Approve a company transaction
There are several reasons to approve a company transaction: to ensure the company is acting in its best interests, to protect the company from liability, or to ensure compliance with the law.
Approve funding to director
The Board of Directors may approve funding for the director in order to allow the director to continue to work on behalf of the company.
Approve loan to director
A company may approve a loan to a director to secure funding for the business. This may be done when the company is unable to obtain funding from traditional sources, such as banks. The company may also feel that the director is a good investment and is likely to repay the loan.
Approve requisition
Approving requisitions protects the company, ensures timely completion, and follows internal procedures.
Alter company objects
The company's objects clause sets out the purpose for which the company is formed. This purpose may be changed over time to reflect the company's changing business. For example, a company may need to add or remove objects to reflect a change in the business model.
Approve security
Approving security via board resolution is binding on the company, protects directors if security is unsuccessful, and allows company to raise funds without lengthy, expensive process.

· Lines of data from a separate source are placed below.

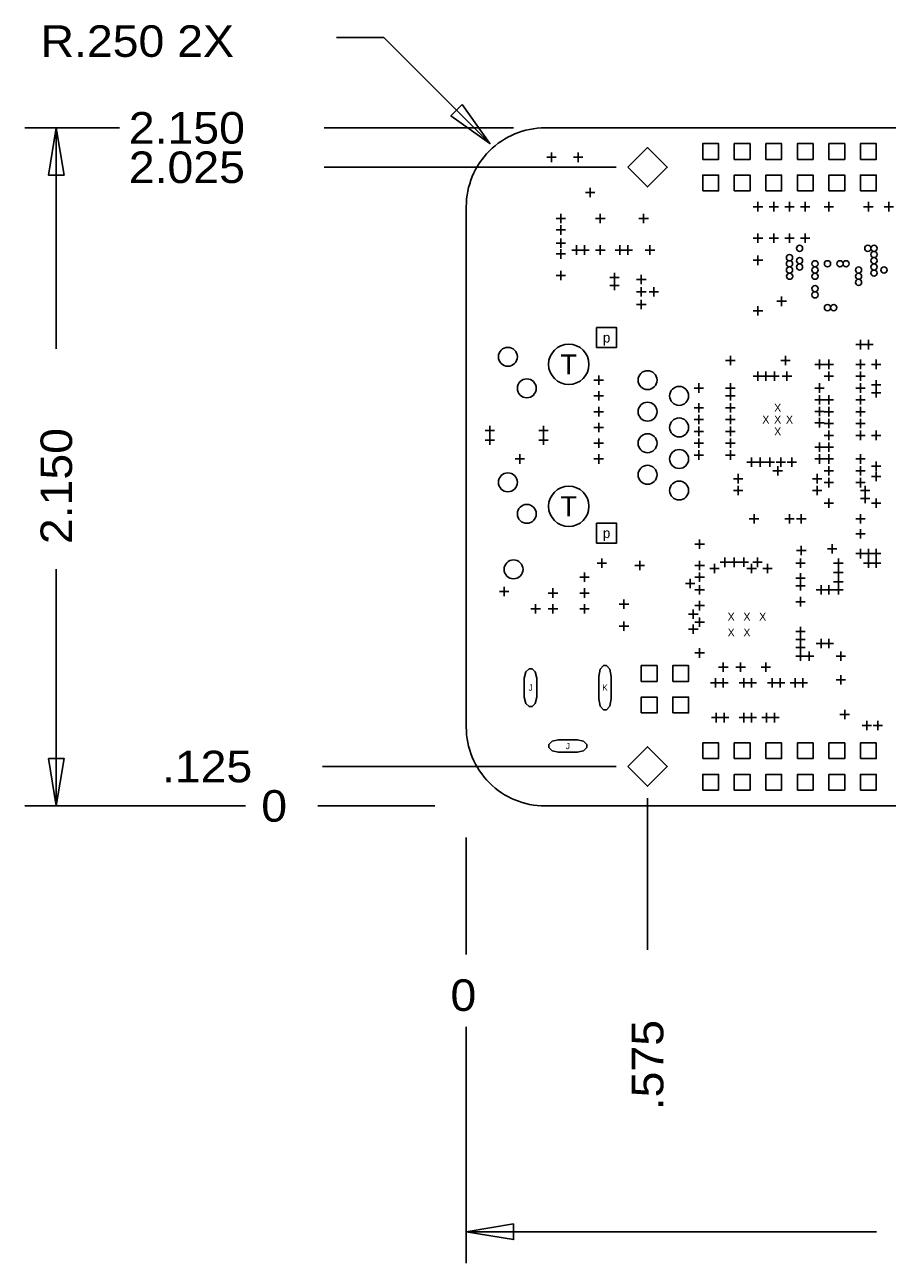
# Model space of a CAD drawing. Extents: x -14005 to 19505, y -9605 to 12407.
# Tile 3 of 7: x -1400 to 1335, y -1450 to 2477. Entities that reach past the tile are written whole.
import ezdxf
from ezdxf.enums import TextEntityAlignment as Align

# ---------------------------------------------------------------- set-up
doc = ezdxf.new("R2010")
doc.units = 0
doc.header["$MEASUREMENT"] = 0
doc.layers.get('0').update_dxf_attribs({"linetype": 'CONTINUOUS'})
doc.layers.add('1', color=7, linetype='CONTINUOUS')

# ---------------------------------------------------------------- blocks, each defined once
blk = doc.blocks.new('FIGURE_CROSS')
for points in [[(-0.5, 0), (0.5, 0)], [(0, 0.5), (0, -0.5)]]:
    blk.add_lwpolyline(points)
blk = doc.blocks.new('FIGURE_CIRCLE')
blk.add_circle((0, 0), 0.5)
blk = doc.blocks.new('FIGURE_SQUARE')
blk.add_lwpolyline([(-0.5, -0.5), (-0.5, 0.5), (0.5, 0.5), (0.5, -0.5)], close=True)
blk = doc.blocks.new('FIGURE_DIAMOND')
blk.add_lwpolyline([(-0.5, 0), (0, 0.5), (0.5, 0), (0, -0.5)], close=True)
blk = doc.blocks.new('FIGURE_OBLONG')
blk.add_lwpolyline([(-0.5, -0.125), (-0.5, 0.125), (-0.416, 0.375), (-0.25, 0.5), (0.25, 0.5), (0.416, 0.375), (0.5, 0.125), (0.5, -0.125), (0.416, -0.375), (0.25, -0.5), (-0.25, -0.5), (-0.416, -0.375)], close=True)

msp = doc.modelspace()

# ---------------------------------------------------------------- linework, layer by layer
at = {"layer": '1'}
for points in [[(75, 2100), (-261.72, 2436.5), (-411.72, 2436.5)], [(-1100, 2150), (-1400, 2150)], [(-1300, 1449), (-1300, 2150)], [(150, 2150), (-451, 2150)], [(475, 2025), (-451, 2025)], [(-1300, 751), (-1300, 0)], [(475, 125), (-456, 125)], [(-700, 0), (-1400, 0)], [(-100, 0), (-471, 0)], [(575, 25), (575, -456)], [(0, -100), (0, -471)], [(0, -700), (0, -1450)], [(1301, -1350), (0, -1350)]]:
    msp.add_lwpolyline(points, dxfattribs=at)
for points in [[(-13.43, 2223.71), (75, 2100), (-48.77, 2188.35)], [(-1275, 2000), (-1300, 2150), (-1325, 2000)], [(-1325, 150), (-1300, 0), (-1275, 150)], [(150, -1325), (0, -1350), (150, -1375)]]:
    msp.add_lwpolyline(points, close=True, dxfattribs=at)
msp.add_lwpolyline([(250, 0), (2900, 0, 0.414214), (3400, 500), (3400, 1650, 0.414214), (2900, 2150), (250, 2150, 0.414214), (0, 1900), (0, 250, 0.414214)], format="xyb", close=True, dxfattribs=at)

# ---------------------------------------------------------------- block references
for name, p, xscale, yscale in [('FIGURE_DIAMOND', (575, 2025), 125, 125), ('FIGURE_SQUARE', (775, 2075), 50, 50), ('FIGURE_SQUARE', (875, 2075), 50, 50), ('FIGURE_SQUARE', (975, 2075), 50, 50), ('FIGURE_SQUARE', (1075, 2075), 50, 50), ('FIGURE_SQUARE', (1175, 2075), 50, 50), ('FIGURE_SQUARE', (1275, 2075), 50, 50), ('FIGURE_CROSS', (270, 2056.5), 30, 30), ('FIGURE_CROSS', (355, 2056.5), 30, 30), ('FIGURE_SQUARE', (775, 1975), 50, 50), ('FIGURE_SQUARE', (875, 1975), 50, 50), ('FIGURE_SQUARE', (975, 1975), 50, 50), ('FIGURE_SQUARE', (1075, 1975), 50, 50), ('FIGURE_SQUARE', (1175, 1975), 50, 50), ('FIGURE_SQUARE', (1275, 1975), 50, 50), ('FIGURE_CROSS', (393.21, 1945), 30, 30), ('FIGURE_CROSS', (925, 1900), 30, 30), ('FIGURE_CROSS', (975, 1900), 30, 30), ('FIGURE_CROSS', (1025, 1900), 30, 30), ('FIGURE_CROSS', (1075, 1900), 30, 30), ('FIGURE_CROSS', (1150, 1900), 30, 30), ('FIGURE_CROSS', (1275, 1900), 30, 30), ('FIGURE_CROSS', (1340, 1900), 30, 30), ('FIGURE_CROSS', (300, 1862.5), 30, 30), ('FIGURE_CROSS', (425, 1862.5), 30, 30), ('FIGURE_CROSS', (562.5, 1862.5), 30, 30), ('FIGURE_CROSS', (300, 1826.19), 30, 30), ('FIGURE_CROSS', (925, 1800), 30, 30), ('FIGURE_CROSS', (975, 1800), 30, 30), ('FIGURE_CROSS', (1025, 1800), 30, 30), ('FIGURE_CROSS', (1075, 1800), 30, 30), ('FIGURE_CROSS', (300, 1784.47), 30, 30), ('FIGURE_CROSS', (349.41, 1762.5), 30, 30), ('FIGURE_CROSS', (375, 1762.5), 30, 30), ('FIGURE_CROSS', (425, 1762.5), 30, 30), ('FIGURE_CROSS', (486.91, 1762.5), 30, 30), ('FIGURE_CROSS', (512.5, 1762.5), 30, 30), ('FIGURE_CROSS', (582.5, 1762.5), 30, 30), ('FIGURE_CIRCLE', (1056.89, 1768.11), 19.69, 19.69), ('FIGURE_CIRCLE', (1273.43, 1768.11), 19.69, 19.69), ('FIGURE_CIRCLE', (1293.11, 1768.11), 19.69, 19.69), ('FIGURE_CROSS', (300, 1750), 30, 30), ('FIGURE_CROSS', (925, 1730), 30, 30), ('FIGURE_CIRCLE', (1025, 1738.58), 19.69, 19.69), ('FIGURE_CIRCLE', (1025, 1718.9), 19.69, 19.69), ('FIGURE_CIRCLE', (1056.89, 1728.74), 19.69, 19.69), ('FIGURE_CIRCLE', (1106.1, 1718.9), 19.69, 19.69), ('FIGURE_CIRCLE', (1145.47, 1718.9), 19.69, 19.69), ('FIGURE_CIRCLE', (1184.84, 1718.9), 19.69, 19.69), ('FIGURE_CIRCLE', (1204.53, 1718.9), 19.69, 19.69), ('FIGURE_CIRCLE', (1293.11, 1748.43), 19.69, 19.69), ('FIGURE_CIRCLE', (1293.11, 1728.74), 19.69, 19.69), ('FIGURE_CROSS', (300, 1681.5), 30, 30), ('FIGURE_CROSS', (470, 1675), 30, 30), ('FIGURE_CIRCLE', (1025, 1699.21), 19.69, 19.69), ('FIGURE_CIRCLE', (1025.47, 1679.53), 19.69, 19.69), ('FIGURE_CIRCLE', (1056.89, 1709.06), 19.69, 19.69), ('FIGURE_CIRCLE', (1106.1, 1699.21), 19.69, 19.69), ('FIGURE_CIRCLE', (1106.1, 1679.53), 19.69, 19.69), ('FIGURE_CIRCLE', (1243.9, 1699.21), 19.69, 19.69), ('FIGURE_CIRCLE', (1243.9, 1679.53), 19.69, 19.69), ('FIGURE_CIRCLE', (1293.11, 1709.06), 19.69, 19.69), ('FIGURE_CIRCLE', (1293.11, 1689.37), 19.69, 19.69), ('FIGURE_CIRCLE', (1325, 1699.21), 19.69, 19.69), ('FIGURE_CROSS', (470, 1650), 30, 30), ('FIGURE_CROSS', (555, 1669.36), 30, 30), ('FIGURE_CIRCLE', (1106.1, 1640.16), 19.69, 19.69), ('FIGURE_CIRCLE', (1243.9, 1659.84), 19.69, 19.69), ('FIGURE_CROSS', (555, 1630.32), 30, 30), ('FIGURE_CROSS', (595, 1630), 30, 30), ('FIGURE_CROSS', (1000, 1600), 30, 30), ('FIGURE_CIRCLE', (1106.1, 1620.47), 19.69, 19.69), ('FIGURE_CROSS', (555, 1590), 30, 30), ('FIGURE_CROSS', (925, 1570), 30, 30), ('FIGURE_CIRCLE', (1145.47, 1580), 19.69, 19.69), ('FIGURE_CIRCLE', (1165.16, 1580), 19.69, 19.69), ('FIGURE_SQUARE', (445, 1485), 63, 63), ('FIGURE_CIRCLE', (132, 1424), 60, 60), ('FIGURE_CIRCLE', (325, 1400), 128, 128), ('FIGURE_CROSS', (1250, 1462.5), 30, 30), ('FIGURE_CROSS', (1275, 1462.5), 30, 30), ('FIGURE_CROSS', (837.5, 1412.5), 30, 30), ('FIGURE_CROSS', (1012.5, 1412.5), 30, 30), ('FIGURE_CROSS', (1120, 1400), 30, 30), ('FIGURE_CROSS', (1150, 1400), 30, 30), ('FIGURE_CROSS', (1250, 1400), 30, 30), ('FIGURE_CROSS', (1300, 1400), 30, 30), ('FIGURE_CIRCLE', (575, 1350), 60, 60), ('FIGURE_CROSS', (925, 1362.5), 30, 30), ('FIGURE_CROSS', (950, 1362.5), 30, 30), ('FIGURE_CROSS', (977.65, 1362.5), 30, 30), ('FIGURE_CROSS', (1017.05, 1362.5), 30, 30), ('FIGURE_CROSS', (1150, 1362.5), 30, 30), ('FIGURE_CROSS', (1250, 1362.5), 30, 30), ('FIGURE_CIRCLE', (192, 1324), 60, 60), ('FIGURE_CROSS', (420, 1350), 30, 30), ('FIGURE_CROSS', (737.5, 1325), 30, 30), ('FIGURE_CROSS', (837.5, 1325), 30, 30), ('FIGURE_CROSS', (1120, 1325), 30, 30), ('FIGURE_CROSS', (1250, 1325), 30, 30), ('FIGURE_CROSS', (1300, 1335), 30, 30), ('FIGURE_CROSS', (420, 1300), 30, 30), ('FIGURE_CIRCLE', (675, 1300), 60, 60), ('FIGURE_CROSS', (837.5, 1300), 30, 30), ('FIGURE_CROSS', (1120, 1287.5), 30, 30), ('FIGURE_CROSS', (1150, 1287.5), 30, 30), ('FIGURE_CROSS', (1250, 1287.5), 30, 30), ('FIGURE_CROSS', (1300, 1310), 30, 30), ('FIGURE_CROSS', (420, 1250), 30, 30), ('FIGURE_CIRCLE', (575, 1250), 60, 60), ('FIGURE_CROSS', (737.5, 1262.5), 30, 30), ('FIGURE_CROSS', (837.5, 1262.5), 30, 30), ('FIGURE_CROSS', (1120, 1250.59), 30, 30), ('FIGURE_CROSS', (1150, 1250), 30, 30), ('FIGURE_CROSS', (1250, 1250), 30, 30), ('FIGURE_CIRCLE', (675, 1200), 60, 60), ('FIGURE_CROSS', (737.5, 1225), 30, 30), ('FIGURE_CROSS', (837.5, 1225), 30, 30), ('FIGURE_CROSS', (1120, 1215.16), 30, 30), ('FIGURE_CROSS', (1150, 1212.5), 30, 30), ('FIGURE_CROSS', (1250, 1212.5), 30, 30), ('FIGURE_CROSS', (75, 1190), 30, 30), ('FIGURE_CROSS', (245, 1190), 30, 30), ('FIGURE_CROSS', (420, 1200), 30, 30), ('FIGURE_CIRCLE', (575, 1150), 60, 60), ('FIGURE_CROSS', (737.5, 1187.5), 30, 30), ('FIGURE_CROSS', (837.5, 1187.5), 30, 30), ('FIGURE_CROSS', (1150, 1175), 30, 30), ('FIGURE_CROSS', (1250, 1175), 30, 30), ('FIGURE_CROSS', (1300, 1175), 30, 30), ('FIGURE_CROSS', (75, 1160), 30, 30), ('FIGURE_CROSS', (245, 1160), 30, 30), ('FIGURE_CROSS', (420, 1150), 30, 30), ('FIGURE_CROSS', (737.5, 1150), 30, 30), ('FIGURE_CROSS', (837.5, 1150), 30, 30), ('FIGURE_CROSS', (1120, 1137.5), 30, 30), ('FIGURE_CROSS', (1150, 1137.5), 30, 30), ('FIGURE_CROSS', (170, 1100), 30, 30), ('FIGURE_CROSS', (420, 1100), 30, 30), ('FIGURE_CIRCLE', (675, 1100), 60, 60), ('FIGURE_CROSS', (737.5, 1112.5), 30, 30), ('FIGURE_CROSS', (837.5, 1112.5), 30, 30), ('FIGURE_CROSS', (905, 1090), 30, 30), ('FIGURE_CROSS', (932.5, 1090), 30, 30), ('FIGURE_CROSS', (962.5, 1090), 30, 30), ('FIGURE_CROSS', (997.5, 1090), 30, 30), ('FIGURE_CROSS', (1032.5, 1090), 30, 30), ('FIGURE_CROSS', (1120, 1100), 30, 30), ('FIGURE_CROSS', (1150, 1100), 30, 30), ('FIGURE_CROSS', (1250, 1100), 30, 30), ('FIGURE_CIRCLE', (575, 1050), 60, 60), ('FIGURE_CROSS', (987.5, 1062.5), 30, 30), ('FIGURE_CROSS', (1150, 1062.5), 30, 30), ('FIGURE_CROSS', (1250, 1062.5), 30, 30), ('FIGURE_CROSS', (1300, 1077.5), 30, 30), ('FIGURE_CIRCLE', (132, 1026), 60, 60), ('FIGURE_CIRCLE', (675, 1000), 60, 60), ('FIGURE_CROSS', (862.5, 1037.5), 30, 30), ('FIGURE_CROSS', (1112.5, 1037.5), 30, 30), ('FIGURE_CROSS', (1150, 1025), 30, 30), ('FIGURE_CROSS', (1250, 1025), 30, 30), ('FIGURE_CROSS', (1300, 1045), 30, 30), ('FIGURE_CIRCLE', (325, 950), 128, 128), ('FIGURE_CROSS', (862.5, 1000), 30, 30), ('FIGURE_CROSS', (1112.5, 1000), 30, 30), ('FIGURE_CROSS', (1265, 1000), 30, 30), ('FIGURE_CROSS', (1265, 975), 30, 30), ('FIGURE_CIRCLE', (192, 926), 60, 60), ('FIGURE_CROSS', (1150, 960), 30, 30), ('FIGURE_CROSS', (1300, 960), 30, 30), ('FIGURE_CROSS', (912.5, 910), 30, 30), ('FIGURE_CROSS', (1025, 910), 30, 30), ('FIGURE_CROSS', (1062.5, 910), 30, 30), ('FIGURE_CROSS', (1250, 910), 30, 30), ('FIGURE_SQUARE', (445, 865), 63, 63), ('FIGURE_CROSS', (1250.25, 862.5), 30, 30), ('FIGURE_CROSS', (740, 830), 30, 30), ('FIGURE_CROSS', (1062.5, 810), 30, 30), ('FIGURE_CROSS', (1160, 815), 30, 30), ('FIGURE_CROSS', (820, 772.5), 30, 30), ('FIGURE_CROSS', (850, 772.5), 30, 30), ('FIGURE_CROSS', (880.25, 772.62), 30, 30), ('FIGURE_CROSS', (923.62, 772.5), 30, 30), ('FIGURE_CROSS', (1250, 800), 30, 30), ('FIGURE_CROSS', (1275, 800), 30, 30), ('FIGURE_CROSS', (1300, 800), 30, 30), ('FIGURE_CIRCLE', (150, 750), 60, 60), ('FIGURE_CROSS', (430, 770), 30, 30), ('FIGURE_CROSS', (550, 762.5), 30, 30), ('FIGURE_CROSS', (740, 762.5), 30, 30), ('FIGURE_CROSS', (787.5, 752.5), 30, 30), ('FIGURE_CROSS', (905, 752.5), 30, 30), ('FIGURE_CROSS', (955.12, 752.5), 30, 30), ('FIGURE_CROSS', (1060, 770), 30, 30), ('FIGURE_CROSS', (1180, 770), 30, 30), ('FIGURE_CROSS', (1180, 740), 30, 30), ('FIGURE_CROSS', (1275, 770), 30, 30), ('FIGURE_CROSS', (1300, 770), 30, 30), ('FIGURE_CROSS', (375, 725), 30, 30), ('FIGURE_CROSS', (710, 705), 30, 30), ('FIGURE_CROSS', (740, 725), 30, 30), ('FIGURE_CROSS', (1060, 722.5), 30, 30), ('FIGURE_CROSS', (1060, 697.5), 30, 30), ('FIGURE_CROSS', (1180, 710), 30, 30), ('FIGURE_CROSS', (120, 680), 30, 30), ('FIGURE_CROSS', (275, 675), 30, 30), ('FIGURE_CROSS', (375, 675), 30, 30), ('FIGURE_CROSS', (740, 685), 30, 30), ('FIGURE_CROSS', (1125, 685), 30, 30), ('FIGURE_CROSS', (1150, 685), 30, 30), ('FIGURE_CROSS', (1180, 685), 30, 30), ('FIGURE_CROSS', (220, 625), 30, 30), ('FIGURE_CROSS', (275, 625), 30, 30), ('FIGURE_CROSS', (375, 625), 30, 30), ('FIGURE_CROSS', (500, 640), 30, 30), ('FIGURE_CROSS', (740, 635), 30, 30), ('FIGURE_CROSS', (1060, 647.5), 30, 30), ('FIGURE_CROSS', (720, 607.87), 30, 30), ('FIGURE_CROSS', (740, 582.5), 30, 30), ('FIGURE_CROSS', (500, 570), 30, 30), ('FIGURE_CROSS', (720, 560.63), 30, 30), ('FIGURE_CROSS', (1060, 552.5), 30, 30), ('FIGURE_CROSS', (1060, 527.5), 30, 30), ('FIGURE_CROSS', (1060, 502.5), 30, 30), ('FIGURE_CROSS', (1125, 515), 30, 30), ('FIGURE_CROSS', (1150, 515), 30, 30), ('FIGURE_CROSS', (740, 485), 30, 30), ('FIGURE_CROSS', (1060, 475), 30, 30), ('FIGURE_CROSS', (1087.5, 475), 30, 30), ('FIGURE_CROSS', (1187.5, 475), 30, 30), ('FIGURE_SQUARE', (580, 420), 50, 50), ('FIGURE_SQUARE', (680, 420), 50, 50), ('FIGURE_CROSS', (815, 440), 30, 30), ('FIGURE_CROSS', (870, 440), 30, 30), ('FIGURE_CROSS', (950, 440), 30, 30), ('FIGURE_CROSS', (790, 390), 30, 30), ('FIGURE_CROSS', (815, 390), 30, 30), ('FIGURE_CROSS', (880, 390), 30, 30), ('FIGURE_CROSS', (905, 390), 30, 30), ('FIGURE_CROSS', (970, 390), 30, 30), ('FIGURE_CROSS', (995, 390), 30, 30), ('FIGURE_CROSS', (1042.5, 390), 30, 30), ('FIGURE_CROSS', (1067.5, 390), 30, 30), ('FIGURE_CROSS', (1187.5, 400), 30, 30), ('FIGURE_SQUARE', (580, 320), 50, 50), ('FIGURE_SQUARE', (680, 320), 50, 50), ('FIGURE_CROSS', (792.5, 280), 30, 30), ('FIGURE_CROSS', (817.5, 280), 30, 30), ('FIGURE_CROSS', (880, 280), 30, 30), ('FIGURE_CROSS', (905, 280), 30, 30), ('FIGURE_CROSS', (952.5, 280), 30, 30), ('FIGURE_CROSS', (977.5, 280), 30, 30), ('FIGURE_CROSS', (1200, 290), 30, 30), ('FIGURE_CROSS', (1270, 255), 30, 30), ('FIGURE_CROSS', (1305, 255), 30, 30), ('FIGURE_SQUARE', (775, 175), 50, 50), ('FIGURE_SQUARE', (875, 175), 50, 50), ('FIGURE_SQUARE', (975, 175), 50, 50), ('FIGURE_SQUARE', (1075, 175), 50, 50), ('FIGURE_SQUARE', (1175, 175), 50, 50), ('FIGURE_SQUARE', (1275, 175), 50, 50), ('FIGURE_DIAMOND', (575, 125), 125, 125), ('FIGURE_SQUARE', (775, 75), 50, 50), ('FIGURE_SQUARE', (875, 75), 50, 50), ('FIGURE_SQUARE', (975, 75), 50, 50), ('FIGURE_SQUARE', (1075, 75), 50, 50), ('FIGURE_SQUARE', (1175, 75), 50, 50), ('FIGURE_SQUARE', (1275, 75), 50, 50)]:
    msp.add_blockref(name, p, dxfattribs=dict(at, xscale=xscale, yscale=yscale))
at = {"layer": '1', "yscale": 40}
for p, xscale, rotation in [((204, 375), 120, 270), ((440, 375), 140, 270), ((322, 190), 120, 180)]:
    msp.add_blockref('FIGURE_OBLONG', p, dxfattribs=dict(at, xscale=xscale, rotation=rotation))

# ---------------------------------------------------------------- texts
at = {"layer": '1', "width": 1.1}
for s, p in [('R.250 2X', (-1350, 2375)), ('2.150', (-1070, 2100)), ('2.025', (-1070, 1975)), ('.125', (-965, 75)), ('0', (-650, -50)), ('0', (-50, -650))]:
    msp.add_text(s, height=100, dxfattribs=at).set_placement(p)
at = {"layer": '1'}
for s, height, p in [('p', 31.5, (445, 1485)), ('T', 64, (325, 1400)), ('X', 25, (987.5, 1262.5)), ('X', 25, (950, 1225)), ('X', 25, (987.5, 1225)), ('X', 25, (1025, 1225)), ('X', 25, (987.5, 1187.5)), ('T', 64, (325, 950)), ('p', 31.5, (445, 865)), ('X', 25, (840, 600)), ('X', 25, (890, 600)), ('X', 25, (940, 600)), ('X', 25, (840, 550)), ('X', 25, (890, 550)), ('J', 20, (204, 375)), ('K', 20, (440, 375)), ('J', 20, (322, 190))]:
    msp.add_text(s, height=height, dxfattribs=at).set_placement(p, align=Align.MIDDLE_CENTER)
at = {"layer": '1', "width": 1.1}
for s, p in [('2.150', (-1250, 830)), ('.575', (625, -965))]:
    msp.add_text(s, height=100, rotation=90, dxfattribs=at).set_placement(p)

doc.saveas('drawing.dxf')

Amend articles of association
An individual might want to amend articles of association to change the company's name, registered address, or purpose or objectives.
Vote on resolutions
A board resolution is created by the board of directors to make important decisions about the company, such as approving a new product or hiring a new CEO.
Resolution of members
A Board resolution may be used to resolve members' disputes and establish corporate governance procedures and policies, and address any other matter that the Board of Directors deems necessary or advisable.
Pass written resolution
A company's board of directors can make decisions by either meeting in person or passing a written resolution. Written resolutions are more efficient than meetings and can be used when all directors agree or it's not possible for them to meet in person.
Create a board resolution
A board resolution is a formal decision made by a company's board of directors, delegation of authority, or providing direction to management.